[Dataset content Boundary: Start]

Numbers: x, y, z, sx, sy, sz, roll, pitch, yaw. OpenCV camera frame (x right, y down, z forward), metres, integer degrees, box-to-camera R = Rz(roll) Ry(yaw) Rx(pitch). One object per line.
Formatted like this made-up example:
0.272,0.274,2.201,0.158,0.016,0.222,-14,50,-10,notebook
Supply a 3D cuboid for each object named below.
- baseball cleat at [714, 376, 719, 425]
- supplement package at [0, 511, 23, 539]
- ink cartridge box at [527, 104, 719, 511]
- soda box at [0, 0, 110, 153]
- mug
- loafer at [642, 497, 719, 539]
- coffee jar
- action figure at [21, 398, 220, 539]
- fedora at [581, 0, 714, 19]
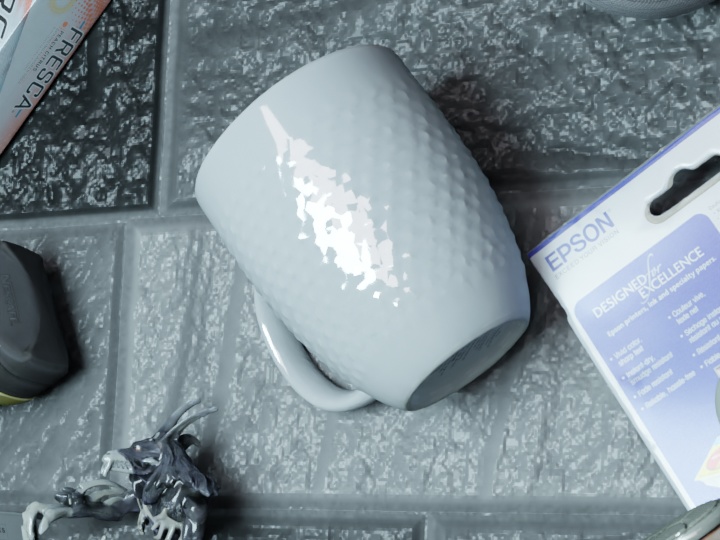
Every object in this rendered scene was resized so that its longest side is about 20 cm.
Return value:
0.244,0.126,0.862,0.070,0.106,0.200,-43,87,1,baseball cleat
-0.269,0.260,1.117,0.113,0.109,0.201,-16,73,23,supplement package
0.223,0.016,0.963,0.197,0.047,0.201,-37,65,16,ink cartridge box
-0.249,-0.152,1.215,0.063,0.068,0.200,39,97,27,soda box
0.000,0.000,1.033,0.176,0.147,0.200,54,134,17,mug
0.138,0.193,0.947,0.200,0.072,0.063,-41,81,33,loafer
-0.290,0.062,1.182,0.199,0.085,0.105,-26,67,20,coffee jar
-0.145,0.173,1.075,0.119,0.101,0.202,10,88,59,action figure
0.161,-0.240,1.004,0.200,0.177,0.090,-43,28,-9,fedora
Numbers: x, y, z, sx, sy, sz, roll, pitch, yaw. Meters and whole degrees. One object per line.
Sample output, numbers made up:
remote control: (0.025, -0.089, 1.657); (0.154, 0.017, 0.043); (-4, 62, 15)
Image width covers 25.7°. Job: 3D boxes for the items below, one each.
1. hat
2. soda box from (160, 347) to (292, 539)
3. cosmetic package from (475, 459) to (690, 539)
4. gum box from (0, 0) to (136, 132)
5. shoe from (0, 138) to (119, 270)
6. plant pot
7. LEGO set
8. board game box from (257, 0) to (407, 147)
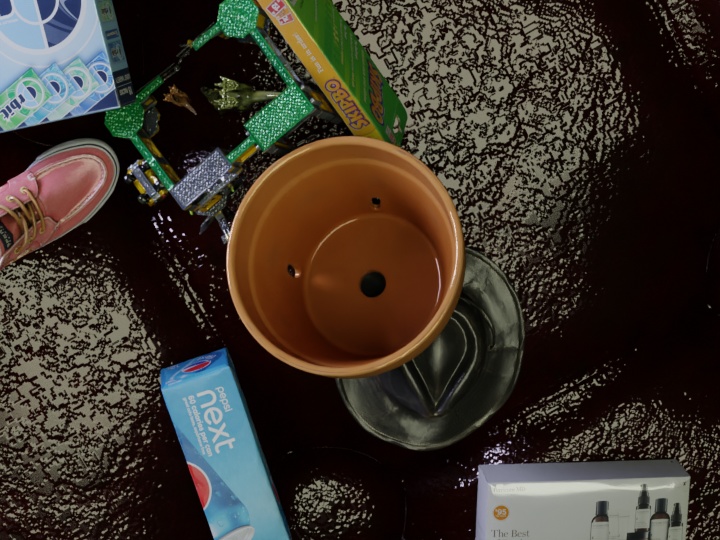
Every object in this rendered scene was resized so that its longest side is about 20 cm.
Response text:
hat: (0.069, 0.080, 1.447); (0.199, 0.081, 0.202); (-2, 104, -8)
soda box: (-0.122, 0.180, 1.457); (0.067, 0.064, 0.201); (-18, 105, -3)
cosmetic package: (0.213, 0.230, 1.519); (0.198, 0.051, 0.083); (-1, 103, -7)
gum box: (-0.293, -0.220, 1.315); (0.169, 0.045, 0.201); (-9, 102, 14)
shoe: (-0.295, -0.041, 1.366); (0.199, 0.091, 0.072); (-32, 106, 1)
plant pot: (0.000, 0.000, 1.354); (0.198, 0.140, 0.202); (-3, 78, 12)
LEGO set: (-0.112, -0.136, 1.374); (0.154, 0.116, 0.200); (45, 99, 10)
board game box: (-0.025, -0.189, 1.355); (0.030, 0.096, 0.200); (-31, 111, 23)
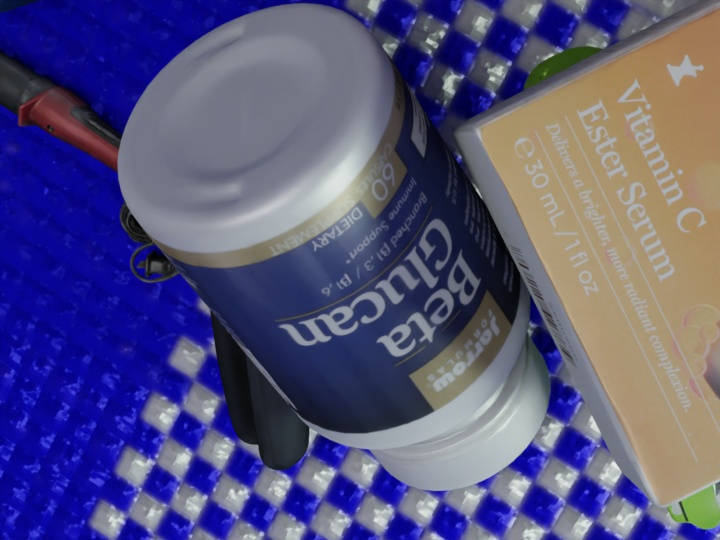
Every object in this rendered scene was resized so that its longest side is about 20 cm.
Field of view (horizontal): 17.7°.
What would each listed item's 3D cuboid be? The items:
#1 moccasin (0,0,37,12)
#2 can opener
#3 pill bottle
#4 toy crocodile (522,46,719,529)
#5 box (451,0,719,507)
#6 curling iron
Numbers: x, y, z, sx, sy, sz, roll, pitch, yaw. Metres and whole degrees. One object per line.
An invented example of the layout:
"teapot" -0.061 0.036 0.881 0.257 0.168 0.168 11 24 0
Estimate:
"moccasin" -0.102 -0.172 0.960 0.200 0.080 0.068 -24 90 23
"can opener" -0.045 -0.006 0.980 0.079 0.063 0.200 -10 111 -15
"pill bottle" 0.000 0.000 0.904 0.111 0.111 0.200 -13 138 23
"toy crocodile" 0.108 0.009 0.932 0.062 0.068 0.200 -21 96 4
"box" 0.156 -0.030 0.845 0.200 0.106 0.152 -27 93 0
"curling iron" -0.142 -0.063 1.030 0.200 0.026 0.050 38 110 8
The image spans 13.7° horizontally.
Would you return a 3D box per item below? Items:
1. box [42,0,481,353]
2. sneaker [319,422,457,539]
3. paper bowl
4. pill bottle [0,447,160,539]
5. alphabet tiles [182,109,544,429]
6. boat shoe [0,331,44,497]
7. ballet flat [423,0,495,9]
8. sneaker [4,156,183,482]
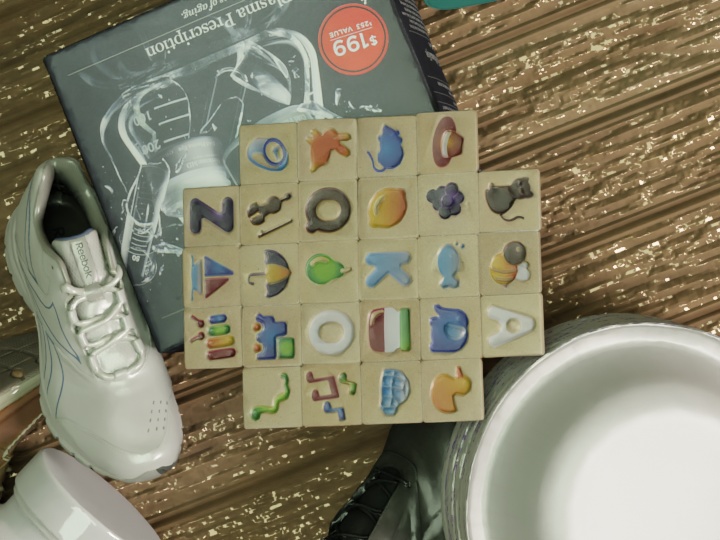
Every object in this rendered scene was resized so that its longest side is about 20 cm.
[{"bbox_3d":[-0.046,-0.073,1.690,0.200,0.104,0.182,-23,87,9],"label":"box"},{"bbox_3d":[0.014,0.156,1.674,0.091,0.076,0.200,13,89,-33],"label":"sneaker"},{"bbox_3d":[0.150,0.126,1.624,0.200,0.104,0.201,-1,94,-13],"label":"paper bowl"},{"bbox_3d":[-0.210,0.206,1.707,0.116,0.116,0.200,42,96,8],"label":"pill bottle"},{"bbox_3d":[0.000,0.000,1.615,0.200,0.006,0.167,-3,84,14],"label":"alphabet tiles"},{"bbox_3d":[-0.239,0.109,1.744,0.200,0.076,0.072,-34,118,-1],"label":"boat shoe"},{"bbox_3d":[0.123,-0.191,1.687,0.200,0.069,0.070,-4,88,10],"label":"ballet flat"},{"bbox_3d":[-0.154,0.027,1.681,0.074,0.087,0.200,-18,65,-16],"label":"sneaker"}]

[Dataset content Boundary: End]

» What is being asked
From the listing above, pick out each line where the word "example" appears.

» Result for this exercise
Formatted like this made-up example:
An invented example of the layout:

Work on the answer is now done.